10 questions to boost your tech security
What’s the biggest technology security problem that Canadian business owners face? If you said computer hackers, guess again. The biggest problems, by far, come from a company’s own employees. The good news: They’re usually not doing it on purpose.
Most of the security breaches involve accidents:
- an employee mistakenly emailing confidential client information outside the company
- a cashier leaving a customer’s credit card information on a publicly viewable computer screen
- a manager inadvertently deleting important files
Malware can wreak havoc
One of the most common breaches: Accidentally downloading malware—those nasty computer viruses and Trojan horses that can cause mayhem in your computer network. Also very common: Neglecting to back up data regularly.
It’s essential to take the time to educate yourself and your employees about any tech security risks so you can figure out how to protect your company before any data are lost or compromised.
Here’s a checklist for making sure your IT assets are secure.
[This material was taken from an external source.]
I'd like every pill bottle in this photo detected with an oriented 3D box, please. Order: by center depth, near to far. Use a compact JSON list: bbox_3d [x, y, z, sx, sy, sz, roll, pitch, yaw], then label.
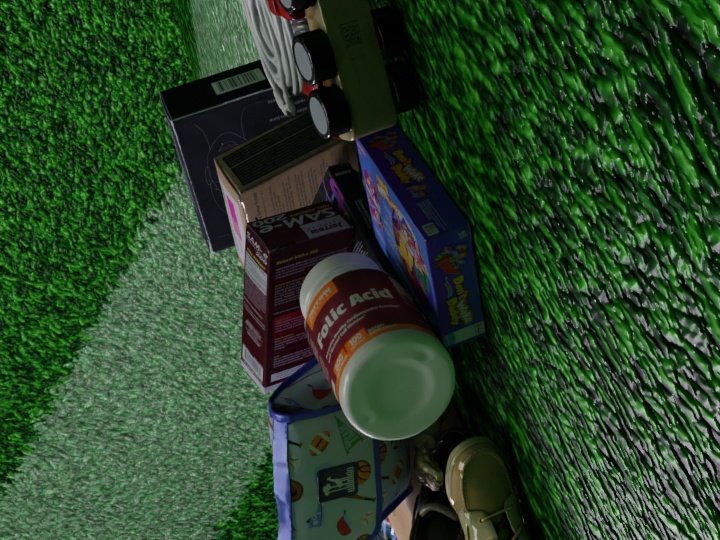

1. Do you have an IT security policy
Your security policy should cover acceptable IT use, password guidelines, security practices and procedures for downloading and installing new software. Employees must be regularly informed and trained, if needed, about any changes to your company’s security policy. They also need to understand that the use of their user id and password must not be shared or disclosed.
2. Have all your cloud providers been evaluated by IT staff?
Choose your cloud service providers wisely. While many have good Internet security, not all of them do. You can be at risk if the provider has poor security, leaving your data vulnerable to an attack. Find out how your business would be protected if your provider has a security problem.
It’s also important to implement specific security procedures to protect your business’s laptops when your employees are working remotely.
3. Is your critical data on a server that is regularly backed up to a remote location?
Identify critical data with help from senior management. Data that needs protecting includes financial and customer information. Then ensure that it is regularly backed up in a place that won’t be affected if your business gets hit by a disaster.
Any data that’s considered important to the business, but not updated frequently, should be backed up semi-regularly off site.
4. Do you have a firewall or intrusion detection systems on all web connections?
A firewall can be hardware or software, or both, and monitors incoming and outgoing network traffic. It decides whether to allow or block specific traffic based on a defined set of security rules. Firewalls have been a first line of defence in network security for over 25 years.
An intrusion detection system is software that can detect attacks hidden from an ordinary firewall. However, it shouldn’t be used as a firewall replacement because a combination of both security components ensures adequate protection.
5. Do all computers have working, updated anti-virus software?
Be sure to keep your business’s computer software updated to keep cybercriminals at bay. You and your employees need to practice safe Internet habits, such as never opening attachments or following links from unknown sources.
6. Are all modem and wireless access connections known and secured?
A poorly secured Wi-Fi system can leave your business vulnerable to a hacker within range of your network. A hacker could gain sensitive information, damage your systems or install ransomware. If you or your employees are using a public Wi-Fi system, you should avoid accessing sensitive information because the network may not be secure.
7. Do contractors and vendors adequately protect your data?
A privacy policy and confidentiality agreement with external vendors will ensure that any information exchanged between your business and external parties is adequately protected and only authorized personnel should have access to your information.
8. Is your customer financial information encrypted?
Hackers and cyber-criminals can use unencrypted customer financial data like credit card numbers, email addresses, and home addresses to commit identity theft and steal your customers’ money. Also make sure the information is accessible only to those who need it within your company.
9. Are paper files kept in locked filing cabinets?
The removal of physical documentation from storage should require your approval. Provide employees with controlled access when they need information.
10. Do you do a periodic audit of your IT security checklist?
Many business owners pay lip service to tech security without investing money in it. Unfortunately, action often gets postponed until an essential computer crashes or systems get infected by a virus. With the growing use of mobile devices, wireless computing and remote workers, the security challenge is growing bigger for entrepreneurs. Do a check of all your IT security measures at least once every six months to safeguard against major attacks or loss of information.
If these processes seem too complicated for your business to handle, you may want to consider hiring outside help.